## DATA TO PROCESS
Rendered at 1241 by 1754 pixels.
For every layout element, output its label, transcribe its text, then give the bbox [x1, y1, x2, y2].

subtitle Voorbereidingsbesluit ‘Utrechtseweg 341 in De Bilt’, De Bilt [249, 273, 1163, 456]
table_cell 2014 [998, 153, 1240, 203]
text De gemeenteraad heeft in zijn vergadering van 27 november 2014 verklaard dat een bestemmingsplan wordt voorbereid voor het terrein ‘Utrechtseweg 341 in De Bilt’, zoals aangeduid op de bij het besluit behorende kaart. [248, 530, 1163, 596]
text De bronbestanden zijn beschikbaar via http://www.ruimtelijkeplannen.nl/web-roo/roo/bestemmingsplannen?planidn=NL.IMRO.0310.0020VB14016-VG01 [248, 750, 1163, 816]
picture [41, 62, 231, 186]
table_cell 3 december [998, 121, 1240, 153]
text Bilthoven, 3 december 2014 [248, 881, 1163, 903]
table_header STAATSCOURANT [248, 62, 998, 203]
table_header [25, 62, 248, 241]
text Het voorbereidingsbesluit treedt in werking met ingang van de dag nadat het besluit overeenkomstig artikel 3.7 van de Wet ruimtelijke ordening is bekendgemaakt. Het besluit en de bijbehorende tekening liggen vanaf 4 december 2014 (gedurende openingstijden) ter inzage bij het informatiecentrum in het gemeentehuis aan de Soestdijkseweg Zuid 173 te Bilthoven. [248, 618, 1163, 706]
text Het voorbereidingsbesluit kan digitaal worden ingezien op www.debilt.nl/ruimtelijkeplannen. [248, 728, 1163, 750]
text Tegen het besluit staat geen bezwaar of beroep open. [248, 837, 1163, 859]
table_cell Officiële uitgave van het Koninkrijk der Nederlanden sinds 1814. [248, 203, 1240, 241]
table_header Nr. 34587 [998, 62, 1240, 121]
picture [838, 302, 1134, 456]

## INSTRUCTIONS FOR THE TASK
Among the lines above, find those with the word "ruimtelijkeplannen". Copy them.

## SOLVED EXERCISE
text De bronbestanden zijn beschikbaar via http://www.ruimtelijkeplannen.nl/web-roo/roo/bestemmingsplannen?planidn=NL.IMRO.0310.0020VB14016-VG01 [248, 750, 1163, 816]
text Het voorbereidingsbesluit kan digitaal worden ingezien op www.debilt.nl/ruimtelijkeplannen. [248, 728, 1163, 750]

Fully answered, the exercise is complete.